Di Balik Pintu yang Tertutup
Mira terdiam selamanya, Bimo berdiri, menarik napas panjang sambil memandang tubuh tak bernyawa istrinya yang terbaring di lantai. Tak ada kepanikan di wajahnya—justru ada ketenangan ganjil, seolah-olah ia merasa bahwa segala sesuatunya kini berada dalam kendali penuh.
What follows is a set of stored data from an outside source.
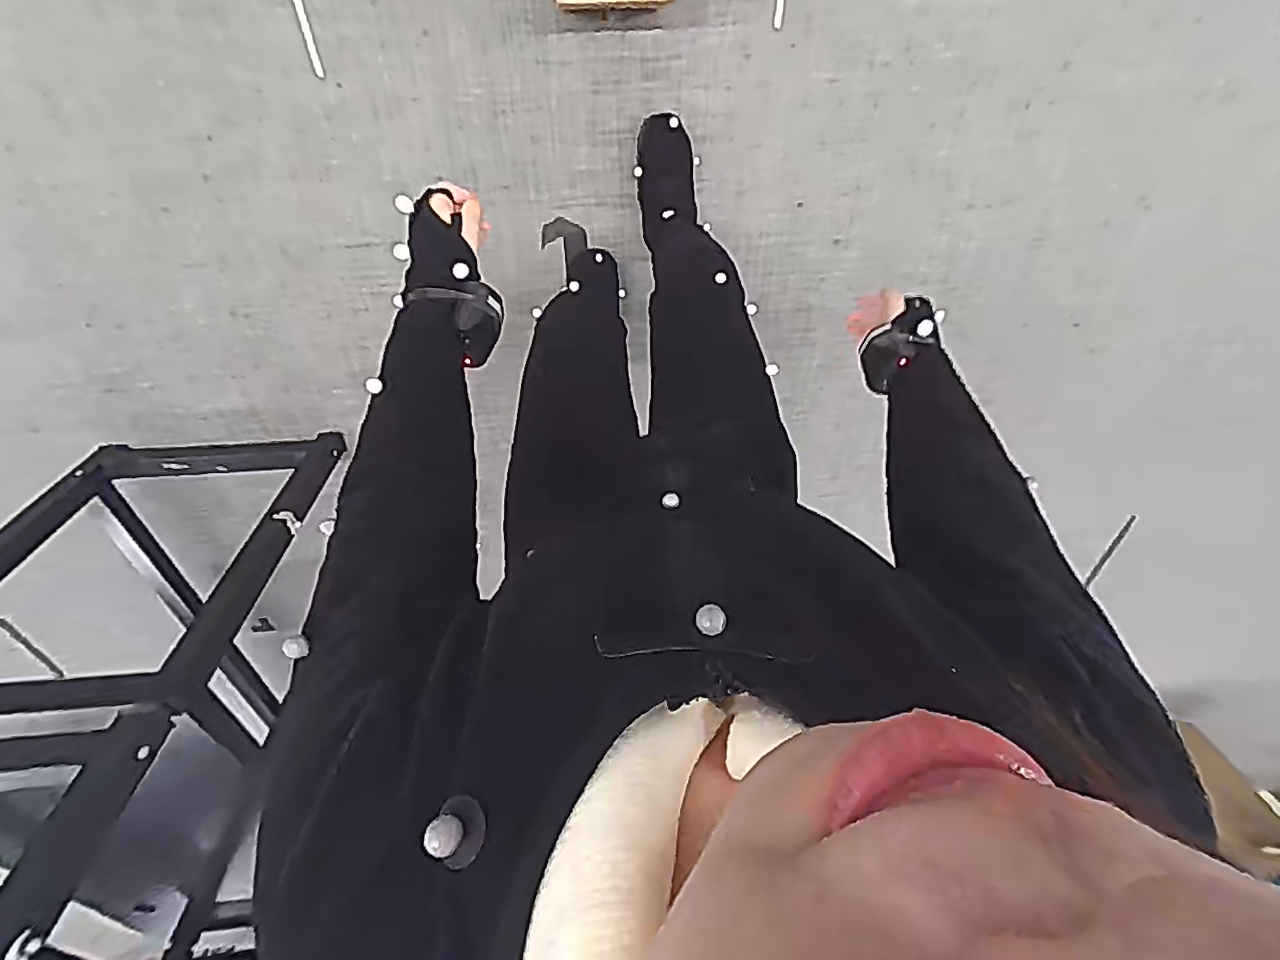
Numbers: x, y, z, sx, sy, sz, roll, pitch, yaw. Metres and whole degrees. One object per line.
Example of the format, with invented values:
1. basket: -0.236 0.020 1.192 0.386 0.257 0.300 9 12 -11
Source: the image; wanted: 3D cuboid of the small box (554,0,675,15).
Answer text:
1. small box: -0.045 -0.797 0.793 0.179 0.176 0.168 -5 128 -4

Dengan gerakan yang tenang, ia mengambil alat pel dari dapur dan mulai membersihkan lantai, menyapu setiap tetesan darah dengan kecekatan yang teliti.
Bimo bekerja dalam sunyi, hanya sesekali terdengar bunyi alat pel yang bergesekan dengan lantai kayu, menghapus jejak kengerian yang baru saja terjadi. Setiap sudut yang terkena darah ia perhatikan dengan seksama, memastikan semuanya kembali tampak seperti semula. Dalam hatinya, Bimo menikmati keheningan ini—sebuah keheningan yang ia ciptakan sendiri, sebuah “ketenangan” yang menurutnya telah ia rebut kembali dari Mira.
Setelah darah benar-benar bersih, ia dengan hati-hati mengangkat tubuh Mira yang lemas dan mendudukkannya di sofa ruang tamu. Ia membetulkan posisi kepala dan tubuhnya, memastikan bahwa Mira tampak seperti seseorang yang sedang duduk termenung di sofa, bukan mayat. Bimo mengatur rambutnya agar menutupi sebagian wajah Mira, menciptakan bayangan yang cukup, hingga siapa pun yang melihat sekilas hanya akan melihat sosok yang duduk diam.
Begitu selesai, Bimo mundur, memandangi pemandangan itu dengan senyum tipis. Tidak ada yang mencurigakan dalam ruangan itu, dan tidak ada tanda-tanda perlawanan—hanya ketenangan. Ia menutup semua tirai, membiarkan kegelapan merambati ruangan. Lalu, dengan tatapan puas, Bimo beranjak menuju kamar, meninggalkan Mira duduk dalam kesunyian yang mencekam.